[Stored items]
★ ★ ★ ★ ★ ★ ★

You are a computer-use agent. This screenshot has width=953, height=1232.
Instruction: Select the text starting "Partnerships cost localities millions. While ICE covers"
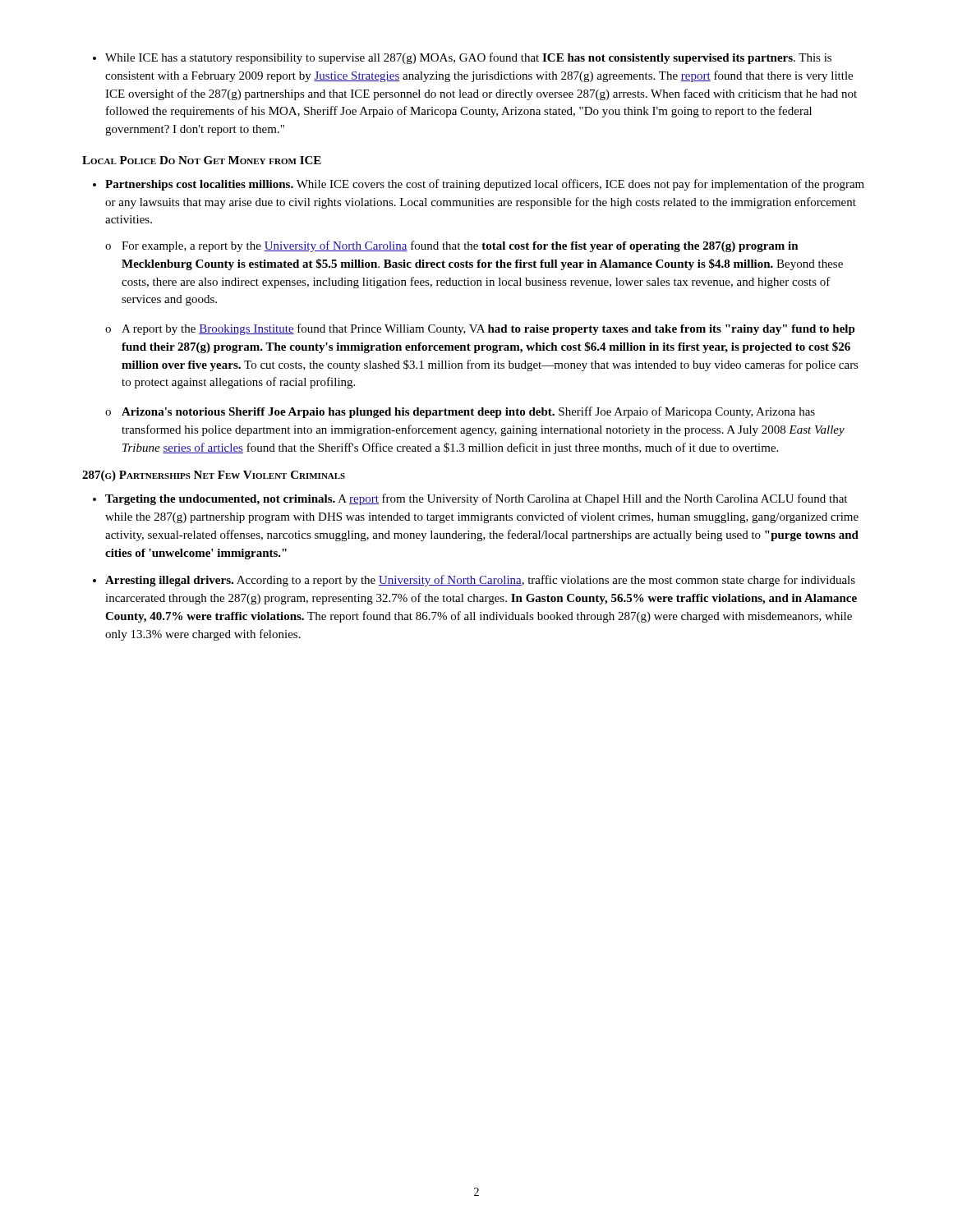(476, 316)
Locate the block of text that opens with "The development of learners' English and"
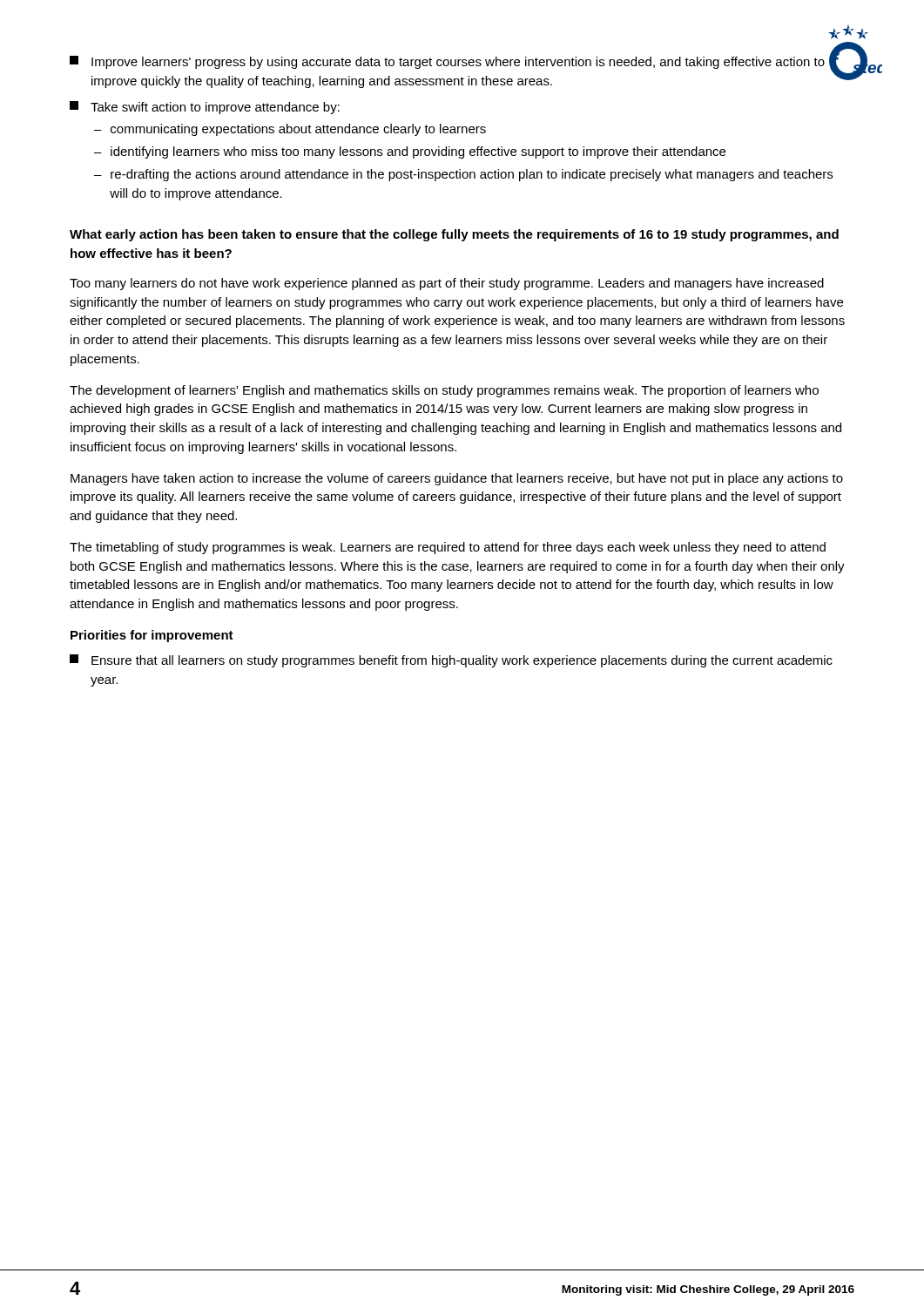The height and width of the screenshot is (1307, 924). click(456, 418)
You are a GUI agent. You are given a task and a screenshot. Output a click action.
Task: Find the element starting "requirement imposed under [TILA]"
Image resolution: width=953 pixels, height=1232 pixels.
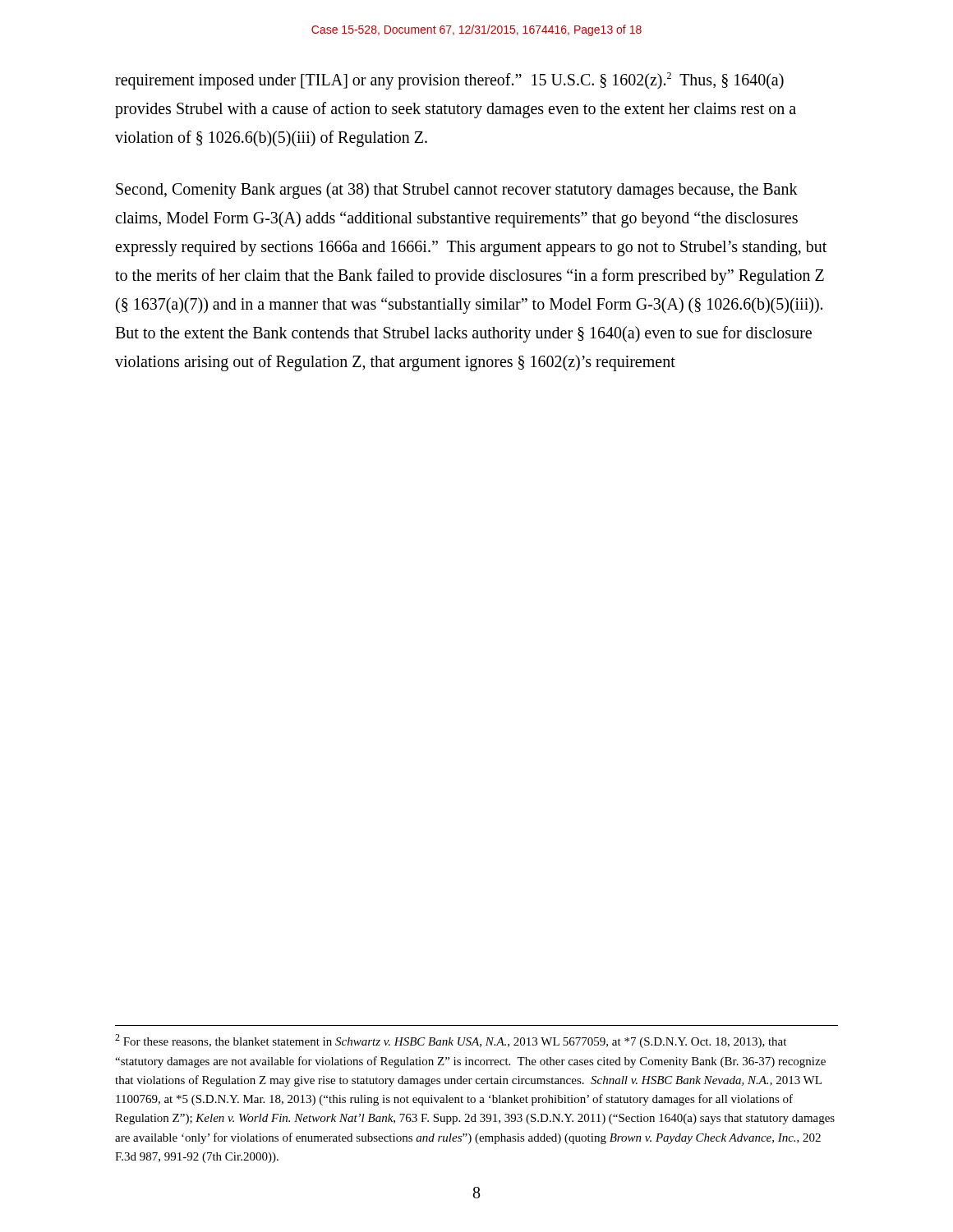click(476, 109)
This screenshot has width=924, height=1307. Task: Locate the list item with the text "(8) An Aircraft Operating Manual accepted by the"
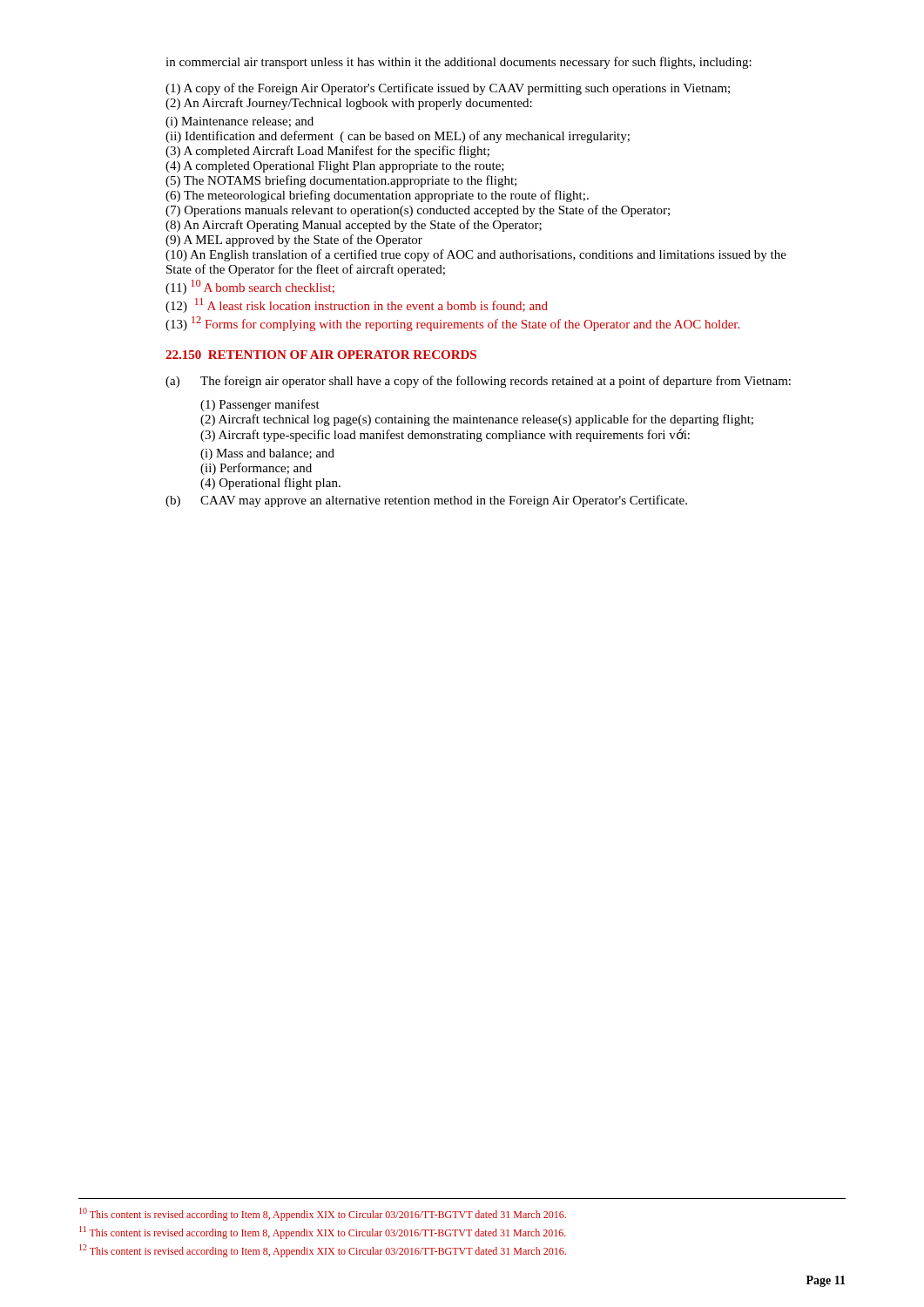coord(479,225)
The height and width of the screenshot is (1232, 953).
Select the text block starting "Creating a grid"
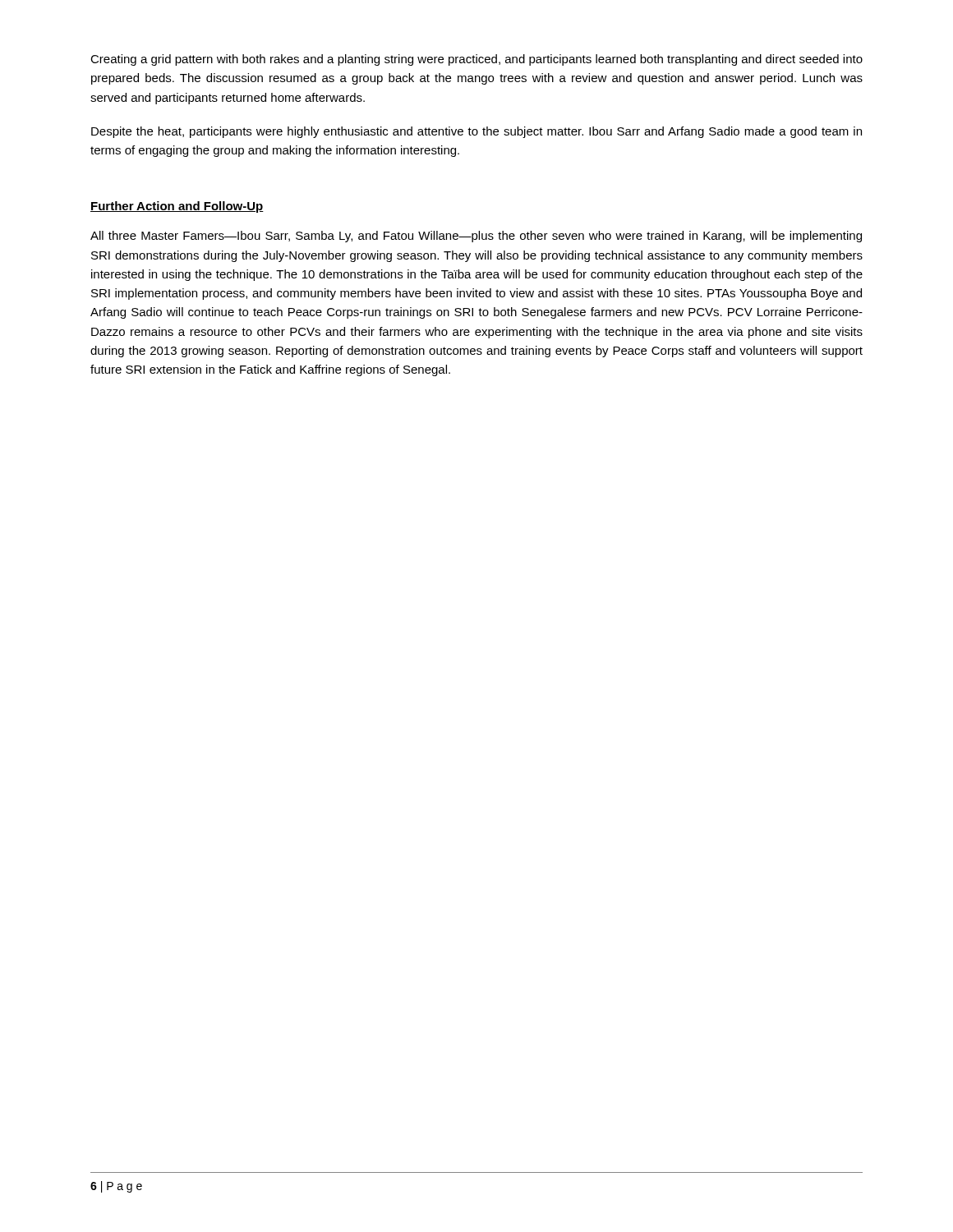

★ ★ ★ ★ ★ ★ ★

* Work task
Type the lines above out again exactly as they appear, skipping every picture.

* Answer to the problem
You are a computer-use agent. This screenshot has width=953, height=1232.
Instruction: Select the text starting "Partnerships cost localities millions. While ICE covers"
(476, 316)
Locate the block of text that opens with "The development of learners' English and"
The height and width of the screenshot is (1307, 924). click(456, 418)
You are a GUI agent. You are given a task and a screenshot. Output a click action.
Task: Find the element starting "requirement imposed under [TILA]"
Image resolution: width=953 pixels, height=1232 pixels.
click(476, 109)
This screenshot has width=924, height=1307. Task: Locate the list item with the text "(8) An Aircraft Operating Manual accepted by the"
coord(479,225)
The height and width of the screenshot is (1232, 953).
Select the text block starting "Creating a grid"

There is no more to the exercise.